• [What the task asks]:
Return the entries below in their exact form, leaving the pictures out.

• [The records]:

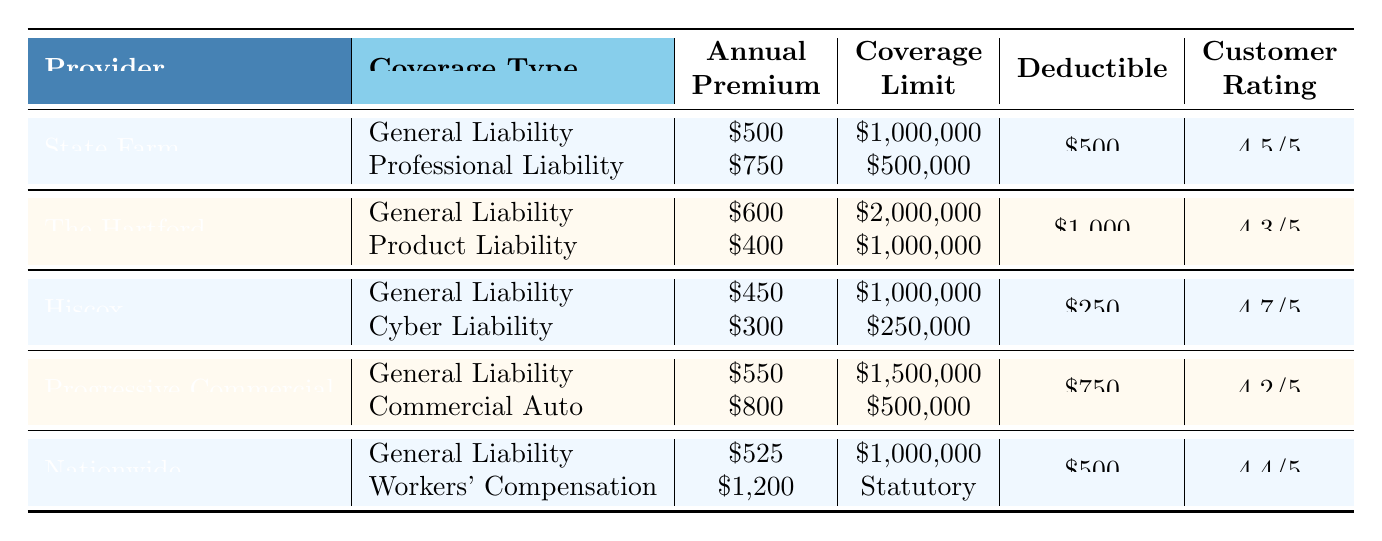What is the annual premium for General Liability from Hiscox? The table lists Hiscox as one of the providers and states that the annual premium for General Liability is $450.
Answer: $450 Who has the highest customer rating? By comparing the customer ratings for each provider, Hiscox has the highest rating of 4.7/5.
Answer: Hiscox What is the total annual premium for Professional Liability and Cyber Liability combined? The annual premium for Professional Liability from State Farm is $750, and for Cyber Liability from Hiscox, it is $300. Adding these two gives $750 + $300 = $1050.
Answer: $1050 Does The Hartford offer a coverage type for Workers' Compensation? The table does not list Workers' Compensation under The Hartford's coverage types, so the answer is no.
Answer: No Which provider has the lowest deductible? The table shows that Hiscox has the lowest deductible at $250.
Answer: Hiscox What is the average annual premium for all providers' General Liability coverage? The annual premiums for General Liability from each provider are $500, $600, $450, $550, and $525. Summing them gives $500 + $600 + $450 + $550 + $525 = $2625. Dividing by 5 gives an average of $525.
Answer: $525 Are there any providers that offer a coverage limit above $2,000,000? The table indicates that The Hartford offers a General Liability coverage limit of $2,000,000, which is the highest listed. Since no other limits exceed this, the answer to this is no.
Answer: No Which provider’s coverage types include Commercial Auto? The table indicates that Progressive Commercial is the provider that includes Commercial Auto in its coverage types.
Answer: Progressive Commercial What is the difference in annual premiums for General Liability between State Farm and Nationwide? The annual premium for General Liability from State Farm is $500 and from Nationwide is $525. The difference is $525 - $500 = $25.
Answer: $25 Which provider offers the highest annual premium for a single coverage type? By examining the premium amounts, Progressive Commercial lists the highest single premium of $800 for Commercial Auto.
Answer: Progressive Commercial

• [Output]:
What is the annual premium for General Liability from Hiscox? The table lists Hiscox as one of the providers and states that the annual premium for General Liability is $450.
Answer: $450 Who has the highest customer rating? By comparing the customer ratings for each provider, Hiscox has the highest rating of 4.7/5.
Answer: Hiscox What is the total annual premium for Professional Liability and Cyber Liability combined? The annual premium for Professional Liability from State Farm is $750, and for Cyber Liability from Hiscox, it is $300. Adding these two gives $750 + $300 = $1050.
Answer: $1050 Does The Hartford offer a coverage type for Workers' Compensation? The table does not list Workers' Compensation under The Hartford's coverage types, so the answer is no.
Answer: No Which provider has the lowest deductible? The table shows that Hiscox has the lowest deductible at $250.
Answer: Hiscox What is the average annual premium for all providers' General Liability coverage? The annual premiums for General Liability from each provider are $500, $600, $450, $550, and $525. Summing them gives $500 + $600 + $450 + $550 + $525 = $2625. Dividing by 5 gives an average of $525.
Answer: $525 Are there any providers that offer a coverage limit above $2,000,000? The table indicates that The Hartford offers a General Liability coverage limit of $2,000,000, which is the highest listed. Since no other limits exceed this, the answer to this is no.
Answer: No Which provider’s coverage types include Commercial Auto? The table indicates that Progressive Commercial is the provider that includes Commercial Auto in its coverage types.
Answer: Progressive Commercial What is the difference in annual premiums for General Liability between State Farm and Nationwide? The annual premium for General Liability from State Farm is $500 and from Nationwide is $525. The difference is $525 - $500 = $25.
Answer: $25 Which provider offers the highest annual premium for a single coverage type? By examining the premium amounts, Progressive Commercial lists the highest single premium of $800 for Commercial Auto.
Answer: Progressive Commercial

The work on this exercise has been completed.